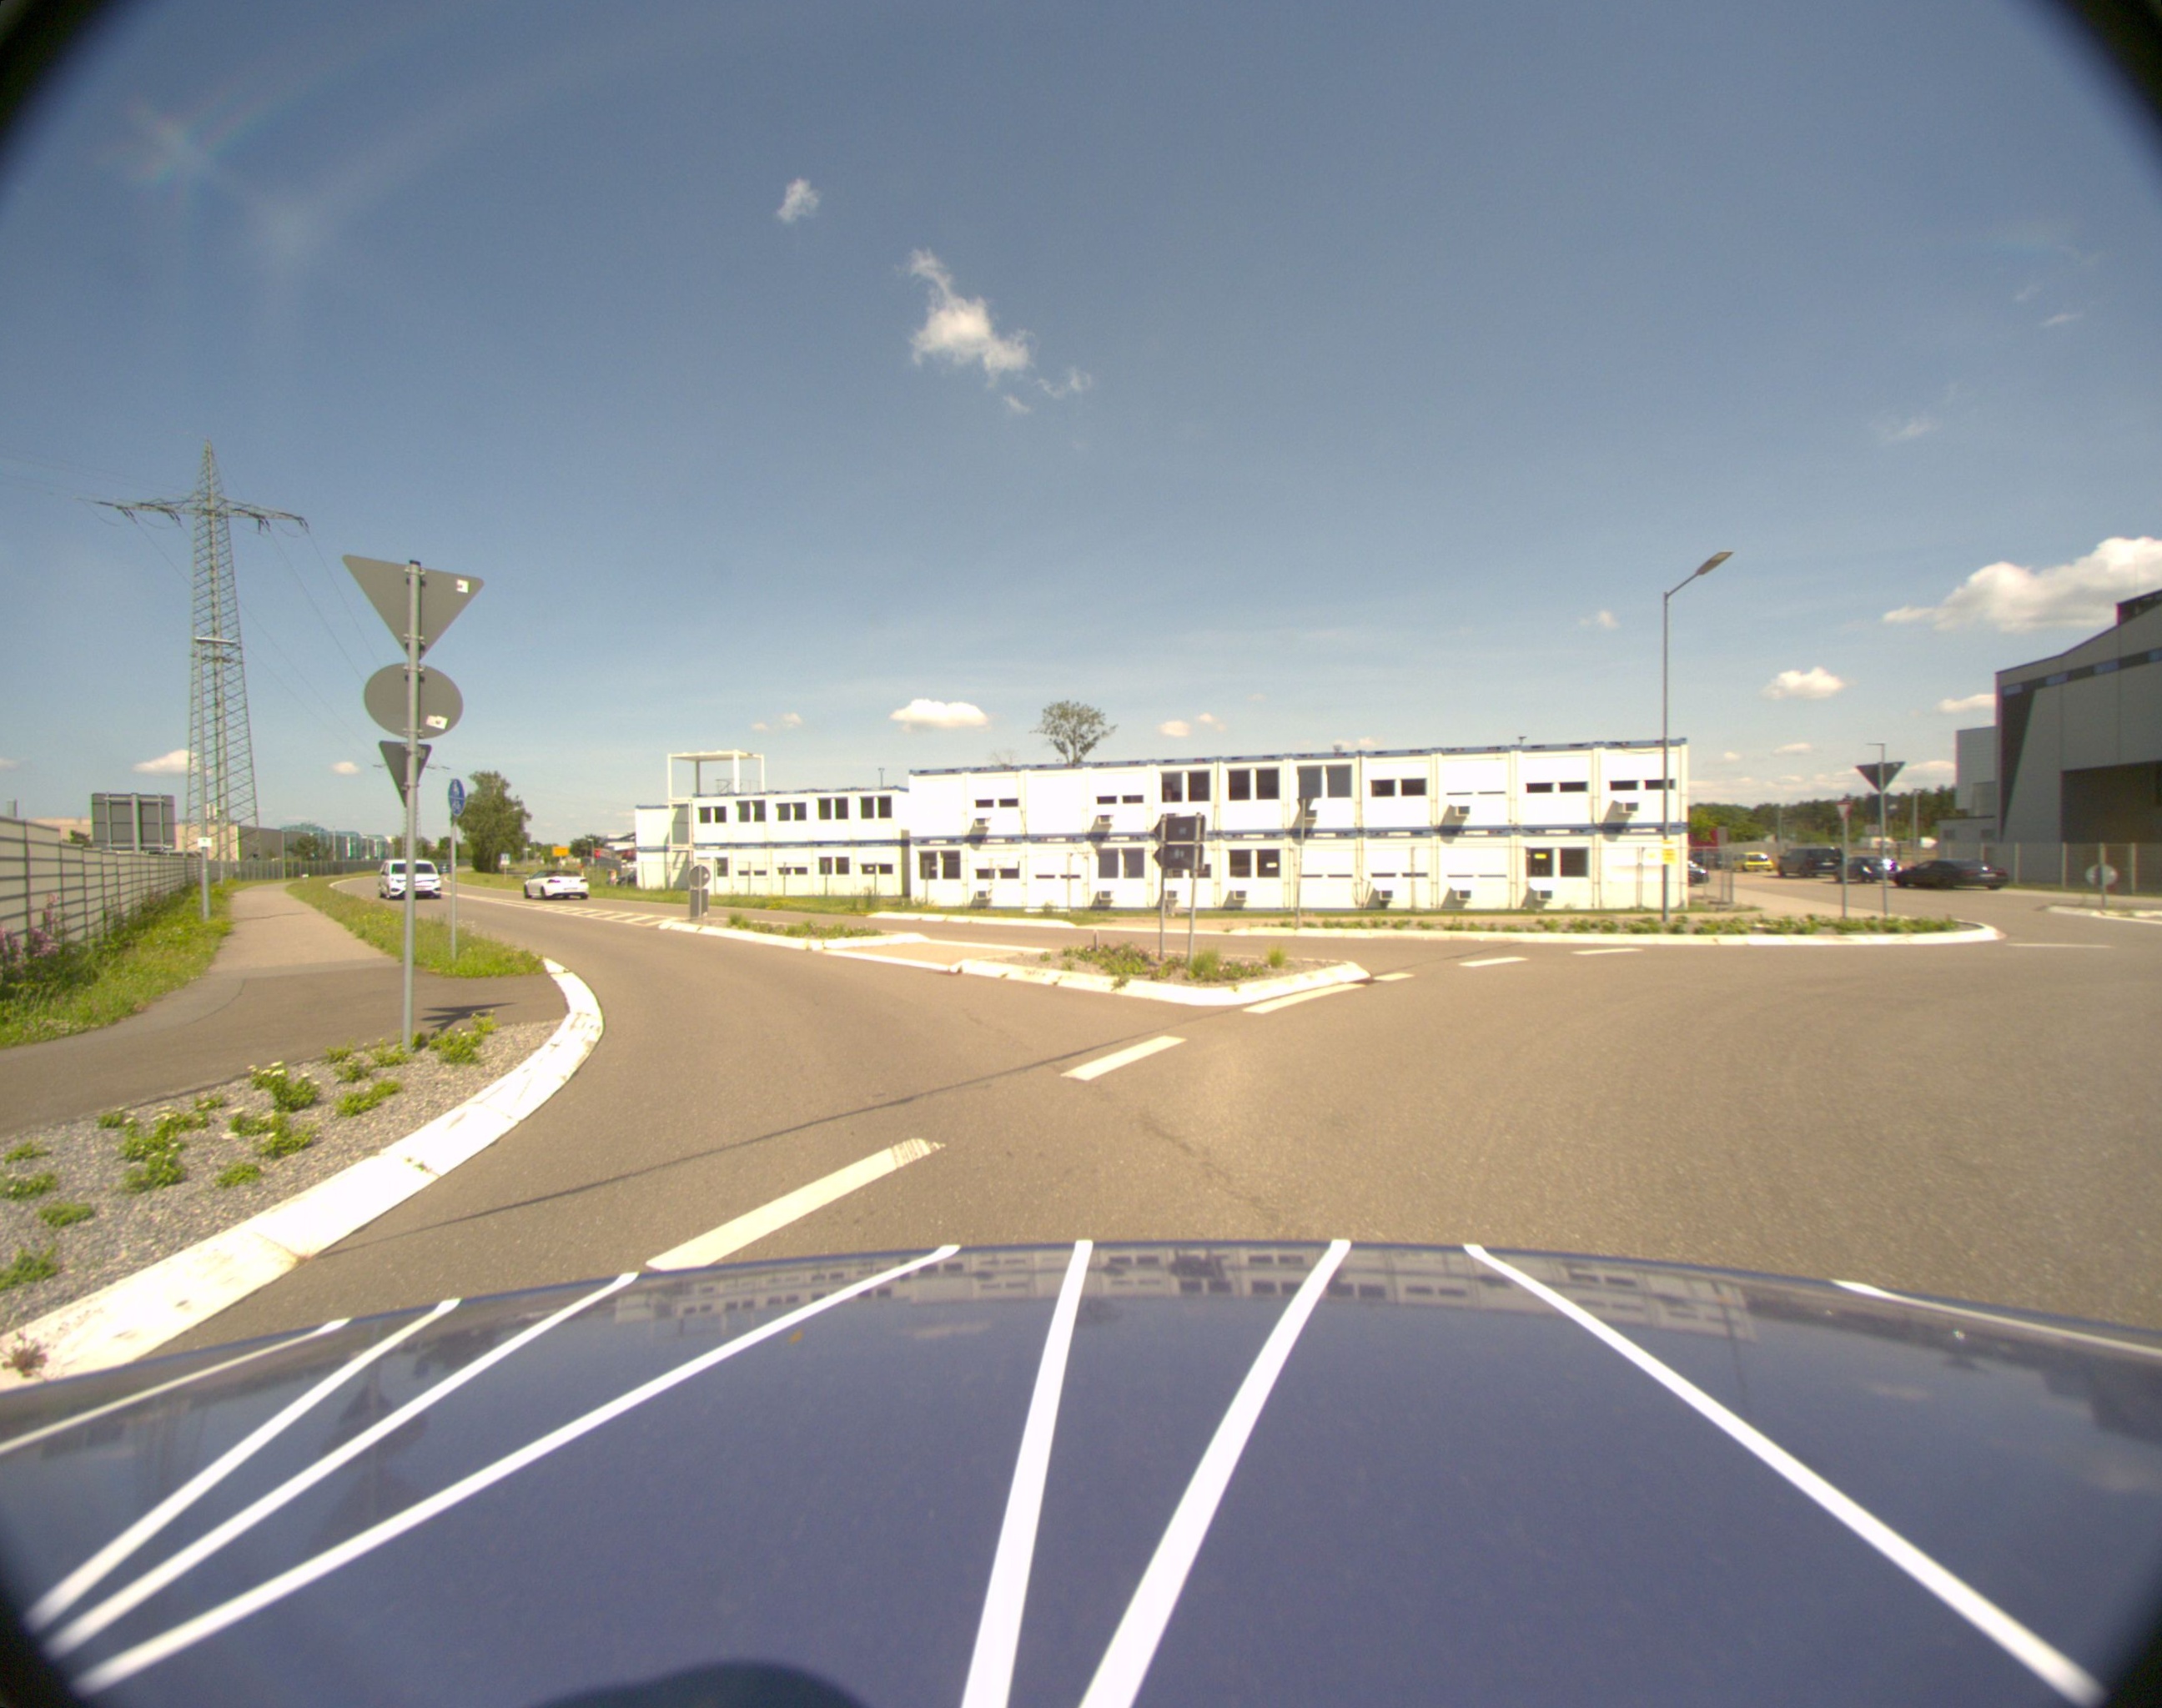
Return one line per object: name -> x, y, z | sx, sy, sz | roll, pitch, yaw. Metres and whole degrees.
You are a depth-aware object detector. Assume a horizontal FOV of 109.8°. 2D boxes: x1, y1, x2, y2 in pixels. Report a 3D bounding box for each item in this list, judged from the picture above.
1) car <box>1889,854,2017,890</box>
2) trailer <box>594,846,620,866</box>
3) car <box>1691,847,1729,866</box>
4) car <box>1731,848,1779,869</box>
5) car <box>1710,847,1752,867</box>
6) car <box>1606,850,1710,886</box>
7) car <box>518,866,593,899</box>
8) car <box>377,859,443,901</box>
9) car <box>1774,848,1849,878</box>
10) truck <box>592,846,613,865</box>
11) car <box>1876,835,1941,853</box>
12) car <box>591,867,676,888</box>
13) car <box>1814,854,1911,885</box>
car -> 41.355, 0.818, 36.208 | 1.996, 1.540, 4.318 | -1, 1, 16
trailer -> -86.551, 0.326, 138.551 | 3.307, 3.623, 14.885 | 0, 0, -35
car -> 56.115, 0.222, 67.868 | 1.994, 1.540, 4.322 | 0, 1, 32
car -> 51.595, 0.324, 58.238 | 1.994, 1.540, 4.322 | 0, 1, 32
car -> 53.693, 0.207, 62.810 | 1.994, 1.540, 4.322 | 0, 1, 32
car -> 31.326, 0.759, 41.423 | 4.302, 1.856, 2.003 | -1, 1, 29
car -> -24.246, 1.331, 34.992 | 4.041, 1.419, 1.779 | -3, -1, 40
car -> -31.109, 1.132, 35.171 | 4.815, 1.796, 1.842 | 0, 0, 43
car -> 46.909, 0.550, 48.916 | 1.995, 1.821, 4.320 | -1, 1, 22
truck -> -93.855, 0.278, 148.951 | 3.117, 3.623, 10.565 | 0, 0, -35
car -> 88.934, -1.039, 81.716 | 4.305, 1.856, 2.002 | -1, 1, 17
car -> -33.097, 1.718, 56.363 | 1.994, 1.409, 4.995 | -1, 0, 34
car -> 43.832, 0.842, 42.758 | 1.996, 1.540, 4.319 | -1, 1, 17

• • • •

Work item: Before you finish, make sure every line above has been repeated exactly and no picture remains in the copy.

Answer to this problem:
Return one line per object: name -> x, y, z | sx, sy, sz | roll, pitch, yaw. Metres and whole degrees.
You are a depth-aware object detector. Assume a horizontal FOV of 109.8°. 2D boxes: x1, y1, x2, y2 in pixels. Report a 3D bounding box for each item in this list, judged from the picture above.
1) car <box>1889,854,2017,890</box>
2) trailer <box>594,846,620,866</box>
3) car <box>1691,847,1729,866</box>
4) car <box>1731,848,1779,869</box>
5) car <box>1710,847,1752,867</box>
6) car <box>1606,850,1710,886</box>
7) car <box>518,866,593,899</box>
8) car <box>377,859,443,901</box>
9) car <box>1774,848,1849,878</box>
10) truck <box>592,846,613,865</box>
11) car <box>1876,835,1941,853</box>
12) car <box>591,867,676,888</box>
13) car <box>1814,854,1911,885</box>
car -> 41.355, 0.818, 36.208 | 1.996, 1.540, 4.318 | -1, 1, 16
trailer -> -86.551, 0.326, 138.551 | 3.307, 3.623, 14.885 | 0, 0, -35
car -> 56.115, 0.222, 67.868 | 1.994, 1.540, 4.322 | 0, 1, 32
car -> 51.595, 0.324, 58.238 | 1.994, 1.540, 4.322 | 0, 1, 32
car -> 53.693, 0.207, 62.810 | 1.994, 1.540, 4.322 | 0, 1, 32
car -> 31.326, 0.759, 41.423 | 4.302, 1.856, 2.003 | -1, 1, 29
car -> -24.246, 1.331, 34.992 | 4.041, 1.419, 1.779 | -3, -1, 40
car -> -31.109, 1.132, 35.171 | 4.815, 1.796, 1.842 | 0, 0, 43
car -> 46.909, 0.550, 48.916 | 1.995, 1.821, 4.320 | -1, 1, 22
truck -> -93.855, 0.278, 148.951 | 3.117, 3.623, 10.565 | 0, 0, -35
car -> 88.934, -1.039, 81.716 | 4.305, 1.856, 2.002 | -1, 1, 17
car -> -33.097, 1.718, 56.363 | 1.994, 1.409, 4.995 | -1, 0, 34
car -> 43.832, 0.842, 42.758 | 1.996, 1.540, 4.319 | -1, 1, 17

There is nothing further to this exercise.